*Information supplied*.
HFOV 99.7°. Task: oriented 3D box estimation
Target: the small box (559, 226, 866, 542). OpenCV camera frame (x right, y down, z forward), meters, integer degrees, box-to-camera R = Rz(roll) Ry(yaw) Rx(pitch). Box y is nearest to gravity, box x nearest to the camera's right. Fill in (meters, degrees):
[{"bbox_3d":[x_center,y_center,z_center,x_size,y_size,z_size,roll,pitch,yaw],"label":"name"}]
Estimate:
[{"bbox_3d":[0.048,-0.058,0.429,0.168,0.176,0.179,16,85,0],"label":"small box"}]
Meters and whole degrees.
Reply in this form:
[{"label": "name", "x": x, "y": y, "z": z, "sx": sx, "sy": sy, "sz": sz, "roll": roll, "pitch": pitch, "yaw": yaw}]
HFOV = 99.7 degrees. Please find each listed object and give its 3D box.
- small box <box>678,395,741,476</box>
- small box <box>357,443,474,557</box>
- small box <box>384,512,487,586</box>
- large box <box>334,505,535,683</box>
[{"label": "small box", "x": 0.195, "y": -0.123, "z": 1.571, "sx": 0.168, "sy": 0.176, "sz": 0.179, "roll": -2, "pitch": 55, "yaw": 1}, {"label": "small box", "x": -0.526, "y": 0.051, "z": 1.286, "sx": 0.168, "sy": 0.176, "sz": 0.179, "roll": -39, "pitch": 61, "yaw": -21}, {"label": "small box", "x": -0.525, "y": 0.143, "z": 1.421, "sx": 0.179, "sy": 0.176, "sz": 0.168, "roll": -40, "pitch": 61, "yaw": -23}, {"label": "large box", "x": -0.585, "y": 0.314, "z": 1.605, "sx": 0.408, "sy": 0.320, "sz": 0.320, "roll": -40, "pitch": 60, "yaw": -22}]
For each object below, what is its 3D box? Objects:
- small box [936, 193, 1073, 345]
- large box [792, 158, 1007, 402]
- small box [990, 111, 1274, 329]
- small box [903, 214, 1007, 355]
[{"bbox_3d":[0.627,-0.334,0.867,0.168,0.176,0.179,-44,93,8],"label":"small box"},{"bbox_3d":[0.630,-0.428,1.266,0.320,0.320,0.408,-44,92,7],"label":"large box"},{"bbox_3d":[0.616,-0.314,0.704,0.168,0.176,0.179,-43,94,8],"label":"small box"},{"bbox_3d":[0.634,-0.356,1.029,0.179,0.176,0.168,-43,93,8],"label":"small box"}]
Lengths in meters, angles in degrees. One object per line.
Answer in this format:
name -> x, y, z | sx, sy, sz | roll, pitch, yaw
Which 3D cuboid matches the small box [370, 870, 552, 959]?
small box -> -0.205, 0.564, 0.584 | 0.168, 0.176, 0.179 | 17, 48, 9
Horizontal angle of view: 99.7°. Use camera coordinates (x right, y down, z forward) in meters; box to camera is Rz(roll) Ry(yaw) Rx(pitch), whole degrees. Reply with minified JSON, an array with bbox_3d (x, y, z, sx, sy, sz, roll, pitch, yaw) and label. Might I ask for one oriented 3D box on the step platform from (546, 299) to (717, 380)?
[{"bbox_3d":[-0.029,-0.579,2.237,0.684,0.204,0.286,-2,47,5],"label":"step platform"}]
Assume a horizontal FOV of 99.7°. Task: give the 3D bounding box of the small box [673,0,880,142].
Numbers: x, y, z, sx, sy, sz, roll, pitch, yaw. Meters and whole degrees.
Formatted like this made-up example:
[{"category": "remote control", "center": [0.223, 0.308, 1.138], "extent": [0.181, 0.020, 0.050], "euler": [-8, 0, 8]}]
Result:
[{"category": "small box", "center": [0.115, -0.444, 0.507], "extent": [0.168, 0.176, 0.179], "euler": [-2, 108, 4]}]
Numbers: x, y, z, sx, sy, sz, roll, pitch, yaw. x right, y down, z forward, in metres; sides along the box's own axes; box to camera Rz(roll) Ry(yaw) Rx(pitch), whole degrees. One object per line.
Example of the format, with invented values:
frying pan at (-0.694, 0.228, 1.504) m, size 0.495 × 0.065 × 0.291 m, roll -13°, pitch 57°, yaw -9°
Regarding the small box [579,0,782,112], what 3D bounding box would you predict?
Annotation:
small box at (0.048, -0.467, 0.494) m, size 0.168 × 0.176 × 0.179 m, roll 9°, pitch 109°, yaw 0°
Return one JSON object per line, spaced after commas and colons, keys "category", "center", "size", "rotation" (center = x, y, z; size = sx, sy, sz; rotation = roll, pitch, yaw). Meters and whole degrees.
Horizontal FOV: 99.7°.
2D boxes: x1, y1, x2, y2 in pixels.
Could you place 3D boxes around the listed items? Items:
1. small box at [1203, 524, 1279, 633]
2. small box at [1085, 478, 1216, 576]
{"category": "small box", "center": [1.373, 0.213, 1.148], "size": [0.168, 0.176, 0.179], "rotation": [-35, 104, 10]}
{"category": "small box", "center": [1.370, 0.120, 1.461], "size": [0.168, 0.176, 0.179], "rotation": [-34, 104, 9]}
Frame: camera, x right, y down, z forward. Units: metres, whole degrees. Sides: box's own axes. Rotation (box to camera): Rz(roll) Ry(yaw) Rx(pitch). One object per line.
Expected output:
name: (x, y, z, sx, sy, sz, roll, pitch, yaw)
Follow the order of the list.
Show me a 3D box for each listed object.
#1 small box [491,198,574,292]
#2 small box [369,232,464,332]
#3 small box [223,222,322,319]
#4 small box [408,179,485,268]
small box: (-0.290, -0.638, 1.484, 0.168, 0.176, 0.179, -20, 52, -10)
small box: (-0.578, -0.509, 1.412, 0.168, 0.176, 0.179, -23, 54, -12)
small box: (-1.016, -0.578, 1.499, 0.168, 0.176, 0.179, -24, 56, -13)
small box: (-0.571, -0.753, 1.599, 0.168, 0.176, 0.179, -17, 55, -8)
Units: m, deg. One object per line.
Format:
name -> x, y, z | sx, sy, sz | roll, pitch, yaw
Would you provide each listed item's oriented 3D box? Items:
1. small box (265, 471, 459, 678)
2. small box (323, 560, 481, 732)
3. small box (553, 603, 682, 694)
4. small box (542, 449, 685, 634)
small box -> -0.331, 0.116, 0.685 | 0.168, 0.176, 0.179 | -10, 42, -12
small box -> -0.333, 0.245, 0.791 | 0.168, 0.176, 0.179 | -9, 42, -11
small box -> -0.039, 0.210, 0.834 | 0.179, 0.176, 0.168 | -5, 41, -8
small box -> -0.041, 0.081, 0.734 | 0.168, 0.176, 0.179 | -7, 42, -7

*Problem to solve*. Review the material and copy each line in which the word "Units" appears.

*Result of this exercise*.
Frame: camera, x right, y down, z forward. Units: metres, whole degrees. Sides: box's own axes. Rotation (box to camera): Rz(roll) Ry(yaw) Rx(pitch). One object per line.
Units: m, deg. One object per line.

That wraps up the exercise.